Activity
Give the records again in full, exactly as they appear, but without the pictures.

Records shown
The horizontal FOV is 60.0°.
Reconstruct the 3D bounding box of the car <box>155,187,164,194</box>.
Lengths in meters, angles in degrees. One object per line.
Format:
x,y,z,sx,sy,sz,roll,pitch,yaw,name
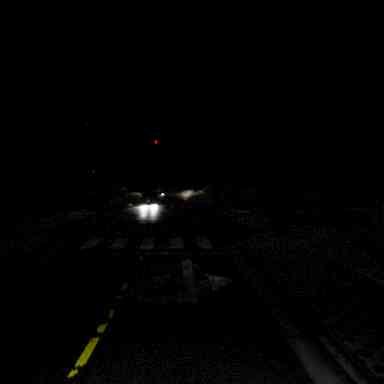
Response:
-7.163,-0.402,73.866,1.812,1.442,4.674,0,2,-3,car

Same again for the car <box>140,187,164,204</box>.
-4.638,0.582,37.339,2.128,1.511,4.902,0,2,-1,car

Exercise answer
The horizontal FOV is 60.0°.
Reconstruct the 3D bounding box of the car <box>155,187,164,194</box>.
Lengths in meters, angles in degrees. One object per line.
Format:
x,y,z,sx,sy,sz,roll,pitch,yaw,name
Response:
-7.163,-0.402,73.866,1.812,1.442,4.674,0,2,-3,car

Same again for the car <box>140,187,164,204</box>.
-4.638,0.582,37.339,2.128,1.511,4.902,0,2,-1,car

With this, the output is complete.